Key Takeaways

How Kaliber Group automatically processes meeting transcripts into structured client memory files — preserving decisions, preferences, and context so institutional knowledge never walks out the door when an employee leaves.

The Knowledge That Walks Out the Door

Your best account manager just quit. She had 18 months of client context in her head — the CEO's preference for conservative messaging, the Q3 experiment that flopped, the reason they won't touch TikTok. That knowledge walks out the door with her. Unless it doesn't.

Every agency knows this risk. Few do anything about it. The standard response is "we have meeting notes in Google Docs." But meeting notes are a graveyard. They're written once, filed somewhere, and never read again. The decisions made in a call on March 3rd are forgotten by March 10th. The client preference stated casually between agenda items — "we really don't want to go below $30 CPL" — never gets recorded at all.

We decided to treat client context as infrastructure, not documentation. Not something a person remembers. Something the system remembers. This matters especially for our team operating across Singapore and Indonesia — when context needs to travel across pods and time zones, it can't live in one person's head.

Institutional Memory — The accumulated, structured knowledge about a client relationship: how they prefer things done, what's been tried, what strategic context shapes decisions. Distinguished from meeting notes (write-once, read-never) by being living, categorized, timestamped, and actively referenced by operational systems.

Why Meeting Notes Fail

Meeting notes fail for three reasons, and none of them are about the quality of note-taking.

First, they're unstructured. A typical meeting note mixes action items with strategic decisions with casual preferences with background context. When you need to find "what did the client say about TikTok?" you're searching through 40 documents of mixed content.

Second, they're write-once, read-never. The AM writes notes after the call, files them, and never opens them again. The information exists but is effectively inaccessible — archived in a folder structure nobody navigates.

Third, they capture what was said, not what it means. A client saying "Let's try a more aggressive approach next quarter" is a preference signal that should influence every recommendation for the next three months. In meeting notes, it's a bullet point that disappears into the archive.

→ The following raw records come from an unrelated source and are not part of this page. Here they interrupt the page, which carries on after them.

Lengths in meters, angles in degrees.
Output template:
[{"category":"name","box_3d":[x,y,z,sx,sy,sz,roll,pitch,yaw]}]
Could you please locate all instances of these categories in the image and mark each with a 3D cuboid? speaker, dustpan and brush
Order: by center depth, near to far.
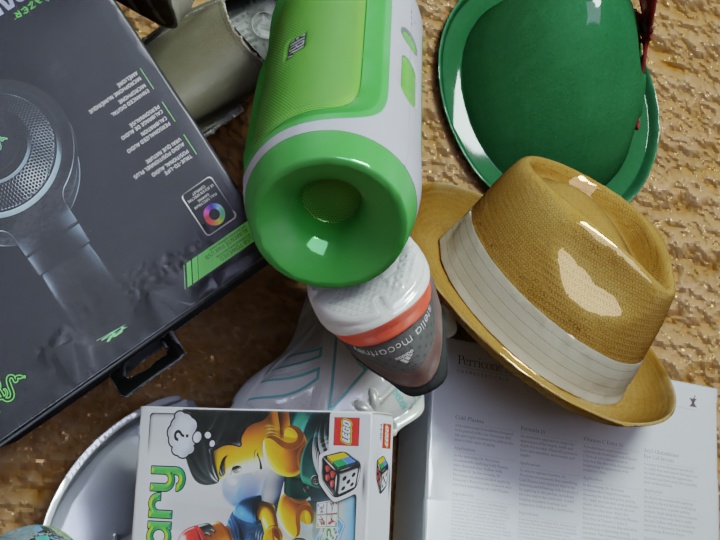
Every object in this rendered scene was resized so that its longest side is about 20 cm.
[{"category":"speaker","box_3d":[-0.011,-0.083,0.715,0.088,0.089,0.201,24,36,-16]},{"category":"dustpan and brush","box_3d":[-0.136,0.158,0.719,0.198,0.057,0.141,-24,86,-27]}]

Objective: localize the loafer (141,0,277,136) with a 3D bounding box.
[{"category":"loafer","box_3d":[-0.089,-0.121,0.814,0.075,0.070,0.200,48,63,-4]}]

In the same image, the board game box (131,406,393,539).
[{"category":"board game box","box_3d":[-0.050,0.167,0.680,0.124,0.035,0.203,-1,80,22]}]

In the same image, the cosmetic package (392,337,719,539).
[{"category":"cosmetic package","box_3d":[0.118,0.132,0.844,0.197,0.052,0.153,12,72,-20]}]

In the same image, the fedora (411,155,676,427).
[{"category":"fedora","box_3d":[0.118,-0.003,0.815,0.199,0.082,0.201,29,26,-16]}]

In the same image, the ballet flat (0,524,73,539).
[{"category":"ballet flat","box_3d":[-0.150,0.219,0.649,0.073,0.074,0.203,-4,104,-24]}]

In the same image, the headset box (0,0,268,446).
[{"category":"headset box","box_3d":[-0.158,-0.030,0.716,0.173,0.093,0.201,-33,90,-6]}]

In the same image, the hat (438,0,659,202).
[{"category":"hat","box_3d":[0.153,-0.149,0.867,0.164,0.176,0.203,-12,80,-26]}]

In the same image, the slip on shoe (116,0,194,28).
[{"category":"slip on shoe","box_3d":[-0.112,-0.182,0.719,0.075,0.200,0.061,29,80,6]}]

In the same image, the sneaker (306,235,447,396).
[{"category":"sneaker","box_3d":[0.000,0.000,0.755,0.076,0.201,0.082,-27,121,6]}]

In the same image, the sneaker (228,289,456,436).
[{"category":"sneaker","box_3d":[-0.014,0.072,0.766,0.202,0.079,0.071,-60,146,-31]}]
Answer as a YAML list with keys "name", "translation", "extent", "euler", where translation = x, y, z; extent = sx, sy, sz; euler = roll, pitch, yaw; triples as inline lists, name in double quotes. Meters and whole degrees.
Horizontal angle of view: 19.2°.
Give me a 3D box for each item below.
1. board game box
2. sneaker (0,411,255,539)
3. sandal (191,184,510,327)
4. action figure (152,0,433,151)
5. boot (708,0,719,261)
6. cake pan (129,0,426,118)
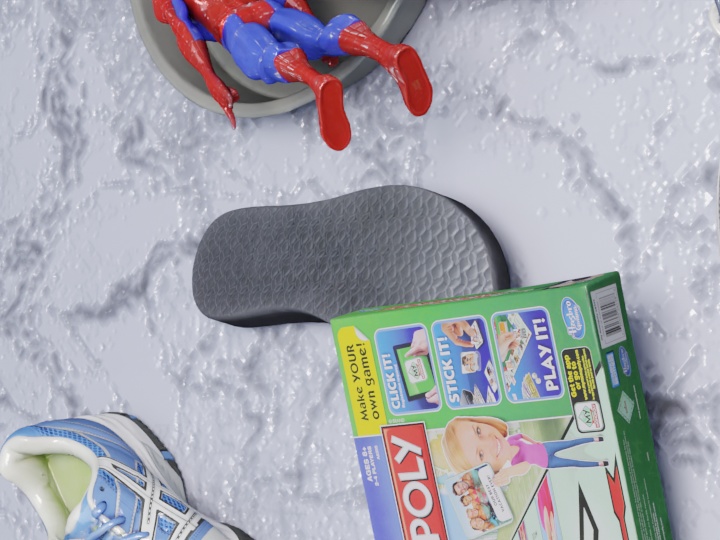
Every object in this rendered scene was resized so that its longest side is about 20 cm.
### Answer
- name: "board game box"
  translation: [0.065, 0.108, 0.883]
  extent: [0.134, 0.029, 0.200]
  euler: [-9, 94, 39]
- name: "sneaker"
  translation: [-0.104, 0.141, 1.026]
  extent: [0.200, 0.077, 0.076]
  euler: [39, 107, 35]
- name: "sandal"
  translation: [0.000, -0.001, 0.986]
  extent: [0.200, 0.043, 0.076]
  euler: [9, 82, 49]
- name: "action figure"
  translation: [-0.043, -0.104, 0.964]
  extent: [0.200, 0.065, 0.052]
  euler: [39, 152, 51]
- name: "boot"
  translation: [0.159, -0.079, 0.820]
  extent: [0.073, 0.090, 0.200]
  euler: [8, 90, 41]
- name: "cake pan"
  translation: [-0.033, -0.171, 1.033]
  extent: [0.200, 0.037, 0.201]
  euler: [-6, 81, 40]
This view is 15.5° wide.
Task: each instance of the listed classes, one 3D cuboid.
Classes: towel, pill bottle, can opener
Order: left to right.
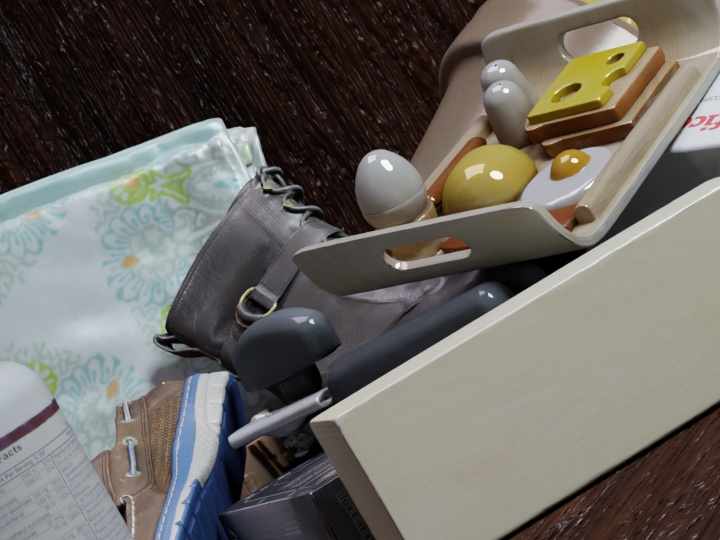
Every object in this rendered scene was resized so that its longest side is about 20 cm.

The Four-Category Extraction Framework

Structured Transcript Processing — A framework that analyses meeting transcripts by extracting four distinct categories: Decisions (commitments that affect execution), Action Items (who does what by when), Preferences (how the client likes things done), and Context Signals (business events that shape strategy). Contrast with meeting summaries, which compress without categorizing.

We built a system we call Structured Transcript Processing. It doesn't summarize meetings — it analyzes them. Every transcript gets processed through extraction of four distinct categories:

Decisions: What was agreed upon. "We'll pause the Brand campaign during CNY" or "Budget increases to $15K starting April." These are commitments that affect execution.

Action Items: Who does what, by when. "Kaliber to prepare three new ad variations by Friday" or "Client to send updated product feed by EOW." Standard stuff — but timestamped and tracked.

Preferences: How the client likes things done. This is the category most meeting notes miss entirely. "They prefer data-heavy slides over narrative presentations." "The CMO doesn't want to see CPM metrics — only cost per lead." "They dislike the word 'aggressive' in campaign names." These soft signals shape every interaction but are never formally documented.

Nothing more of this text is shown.